Similarly, the mental health of nurses is also adversely affected by the COVID-19 pandemic. Markedly, the disease’s high rates make nurses work overtime, which can increase burnout (Deying et al., 2020). Moreover, although nurses are used to seeing people suffer and even die due to various ailments, death rates have increased considerably due to COVID-19. This increases anxiety and general stress for the nurses. Markedly, despite nurses understanding the negative impact of COVID-19 on their mental health, the nurses understand that they need to be the patients, making the situation moral distress.

Triage and Allocation of Resources

Notably, COVID-19 has been declared a global pandemic, and nurses are expected to prioritize it to flatten the curve. Markedly, nurses are forced to make some clinical decisions based on the resources available, which could result in not adhering to the nursing profession’s set standards. Thus, there are instances when nurses are forced to make decisions between two equally undesirable moral options, which results in moral distress. For instance, there are places where there are insufficient ventilators, and when probably an eighty-year-old patient gets taken to the emergency unit of the hospital together with a thirty-year-old patient, the nurses had to choose a single person to benefit from the resource.

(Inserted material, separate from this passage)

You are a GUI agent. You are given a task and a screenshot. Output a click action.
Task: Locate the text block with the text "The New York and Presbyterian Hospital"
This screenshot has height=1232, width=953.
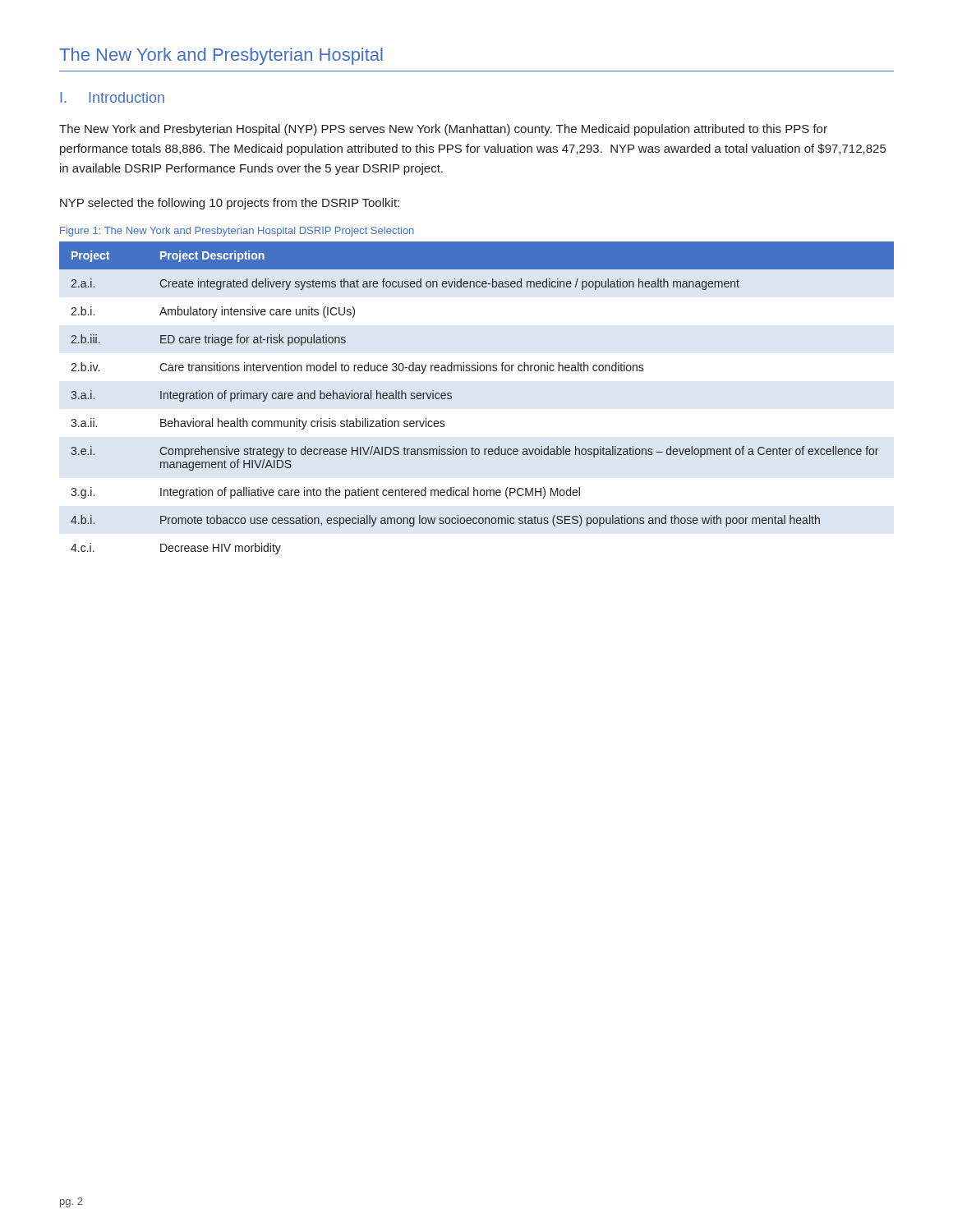point(476,149)

This could bother the patient because despite willing to help both, they had the constraint of resources.

 

News Article on the Moral Distress of nurses

‘It Feels Like a War Zone’: Doctors and Nurses Plead for Masks on Social Media is an article written by Padilla (2020) and published in the New York Times, explaining some ethical and moral issues distress which nurses are facing during the COVID-19 pandemic. Notably, a nurse in Illinois claimed that she needed to use one mask for five days, despite having to attend to different patients. Similarly, several other nurses and health care providers have been forced to improvise strategies to use due to insufficient PPEs, including putting n dirty masks. Markedly, although nurses understand that this is wrong and poses a great risk not only to themselves but also to the patients they have to attend to, they are forced by the condition to do this, which results in moral and ethical distress. However, through the pandemic, the relevant authorities must provide all healthcare officials with face shields, gowns, and masks, since this makes keeps them safe, thus better service delivery.

Conclusion

Therefore, although during this COVID-19 pandemic, people commonly celebrate the nurses to be the heroes who are helping control the condition. These healthcare practitioners have to deal with several moral and ethical distress daily in their line of duty. For instance, visitors’ restriction to see the ailing patients is a policy they have to adhere to, despite the importance family and friends have on the well-being and recovery of the patents. Similarly, nurses are putting their lives at risk and, in some instances, even without sufficient PPEs, because they have to look after the sick. Furthermore, the limitation in resources, in some instances, is making the nurses have a moral dilemma on the patients they need to prioritize.